In 2008, the scope of Decree 231’s provisions on corporate criminal liability was extended to certain cybercrimes when committed by the entity’s personnel in the interest or for the advantage of the company[1]. These cybercrimes include, by way of example, unlawful access to an information system, the detention and dissemination of access codes to computer or telematics systems, and the damaging of software, information, data, IT programs, and telematics systems.

This means that when designing and implementing Model 231, companies must also address the most suitable countermeasures to prevent the commission of these cybercrimes, which might include the implementation of systems to monitor employees’ activities. The adoption of such measures, though, might be in contrast with the provisions both of the Law No. 300/1970 (‘the Workers’ Statute’) and of the Privacy Code – as clarified by the provisions of the Italian data protection authority (‘Garante’) – regarding the remote control of employees.

Firstly, the Workers’ Statute allows the use of tools that also enable the possibility of remote control of workers’ activity exclusively for organisational and productivity requirements, work safety, and the protection of the company’s assets, and they may be installed subject to a collective agreement entered into by the trade union representative; in the absence of such agreement, a prior authorisation of the Regional Office of the National Labour Inspectorate is required.
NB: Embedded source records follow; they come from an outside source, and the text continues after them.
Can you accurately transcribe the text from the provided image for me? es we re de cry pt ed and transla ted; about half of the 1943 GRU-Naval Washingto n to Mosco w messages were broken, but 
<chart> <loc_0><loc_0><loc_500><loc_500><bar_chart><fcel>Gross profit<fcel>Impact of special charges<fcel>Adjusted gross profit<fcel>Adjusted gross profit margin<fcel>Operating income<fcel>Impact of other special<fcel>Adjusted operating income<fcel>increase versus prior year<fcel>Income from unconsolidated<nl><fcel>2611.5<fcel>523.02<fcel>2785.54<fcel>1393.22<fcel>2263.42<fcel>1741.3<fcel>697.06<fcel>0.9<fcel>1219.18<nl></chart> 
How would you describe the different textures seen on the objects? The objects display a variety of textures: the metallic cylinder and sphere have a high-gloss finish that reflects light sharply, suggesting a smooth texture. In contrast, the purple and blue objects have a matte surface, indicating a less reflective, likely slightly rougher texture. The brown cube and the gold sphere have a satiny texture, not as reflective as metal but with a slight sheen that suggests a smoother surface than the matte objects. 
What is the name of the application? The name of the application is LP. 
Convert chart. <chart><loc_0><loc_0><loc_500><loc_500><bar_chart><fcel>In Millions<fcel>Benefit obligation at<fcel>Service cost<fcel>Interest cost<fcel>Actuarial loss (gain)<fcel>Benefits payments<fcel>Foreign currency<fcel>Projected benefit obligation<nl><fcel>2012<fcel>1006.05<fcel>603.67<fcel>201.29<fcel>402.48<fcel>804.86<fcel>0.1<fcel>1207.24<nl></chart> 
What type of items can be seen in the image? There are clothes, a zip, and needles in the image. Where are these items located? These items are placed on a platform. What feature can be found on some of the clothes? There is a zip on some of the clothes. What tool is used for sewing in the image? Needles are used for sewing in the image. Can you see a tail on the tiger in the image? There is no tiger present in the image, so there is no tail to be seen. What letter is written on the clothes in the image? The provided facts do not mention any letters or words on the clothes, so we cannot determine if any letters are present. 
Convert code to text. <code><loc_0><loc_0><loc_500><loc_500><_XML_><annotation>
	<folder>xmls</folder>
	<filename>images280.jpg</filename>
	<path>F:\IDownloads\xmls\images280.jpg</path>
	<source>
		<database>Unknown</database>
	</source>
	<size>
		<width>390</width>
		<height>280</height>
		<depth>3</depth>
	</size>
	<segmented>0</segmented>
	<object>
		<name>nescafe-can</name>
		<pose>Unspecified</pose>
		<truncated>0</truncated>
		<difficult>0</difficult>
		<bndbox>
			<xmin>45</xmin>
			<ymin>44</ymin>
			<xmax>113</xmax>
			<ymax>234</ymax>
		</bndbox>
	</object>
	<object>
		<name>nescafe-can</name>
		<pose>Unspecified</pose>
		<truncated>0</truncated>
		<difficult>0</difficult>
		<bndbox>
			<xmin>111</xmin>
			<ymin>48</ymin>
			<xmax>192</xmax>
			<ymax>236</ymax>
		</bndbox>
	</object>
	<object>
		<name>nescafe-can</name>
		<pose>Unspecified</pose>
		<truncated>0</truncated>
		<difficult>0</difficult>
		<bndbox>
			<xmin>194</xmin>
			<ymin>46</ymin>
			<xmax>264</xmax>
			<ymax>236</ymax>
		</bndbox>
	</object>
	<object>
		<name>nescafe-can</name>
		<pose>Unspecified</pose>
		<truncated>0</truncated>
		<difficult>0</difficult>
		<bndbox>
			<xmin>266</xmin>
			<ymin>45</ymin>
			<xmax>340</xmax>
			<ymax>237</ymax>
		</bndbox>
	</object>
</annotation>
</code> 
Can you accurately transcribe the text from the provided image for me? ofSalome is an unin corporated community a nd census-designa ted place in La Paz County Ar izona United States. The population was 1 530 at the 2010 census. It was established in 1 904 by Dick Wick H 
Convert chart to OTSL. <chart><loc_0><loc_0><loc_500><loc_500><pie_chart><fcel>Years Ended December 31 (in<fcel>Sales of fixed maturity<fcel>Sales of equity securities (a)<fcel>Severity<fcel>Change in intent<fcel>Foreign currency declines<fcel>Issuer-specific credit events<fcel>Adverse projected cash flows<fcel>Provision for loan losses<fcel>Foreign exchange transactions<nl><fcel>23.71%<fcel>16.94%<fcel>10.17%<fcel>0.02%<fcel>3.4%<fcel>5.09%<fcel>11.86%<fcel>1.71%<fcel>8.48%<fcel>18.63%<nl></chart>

Secondly, the monitoring tools must always comply with the applicable data protection provisions, as explicitly mentioned by the Workers’ Statute itself. In particular, the monitoring of internet and email use could entail the processing of personal data – and even of special categories of data – requiring the employer to comply with specific data protection provisions that could jeopardise the effectiveness of the measures adopted to prevent the cybercrimes.

Indeed, the Garante’s Guidelines Applying to the Use of Emails and the Internet in the Employment Context[2](‘the Guidelines’) state that the processing must be carried out under the principles of necessity, fairness, relevance and minimisation for specific, explicit and legitimate purposes. It implies that the monitoring cannot be prolonged, constant, and indeterminate and that the employees must be informed of the existence of the monitoring activity, including the modalities and the characteristics of it. Furthermore, the Garante clarified that the general prohibition of remote control of the work activity must be respected also in case of video surveillance, therefore the installation of equipment specifically designed to verify the correctness in the performance of the work is not allowed and the sole suitability of the system to remotely monitor the employees means that the requirements set out in the Workers’ Statute must be met[3].

On the other side, some data protection provisions may support the prevention of cybercrimes. Firstly, the computer systems should be designed to minimise the processing of employees’ personal data, for example by installing proper filters that preclude access to certain sites or features, secondly, the employer should adopt an internal policy governing the use of IT resources in detail. These measures could corroborate the Model 231 by limiting ex ante the activities that the employee can carry out and by setting clear rules on the use of the IT resources.

In the light of the above, the collective agreement (i.e. contracts entered by and between trade unions representatives and certain categories of employers at a national level) could be the privileged instrument to reconcile opposing interests: during the negotiations, employers could specify the methods and purposes of the measures necessary in order to implement a Model 231 preventing cybercrimes and trade unions could ensure compliance of such measures  with the requirements imposed by the applicable laws.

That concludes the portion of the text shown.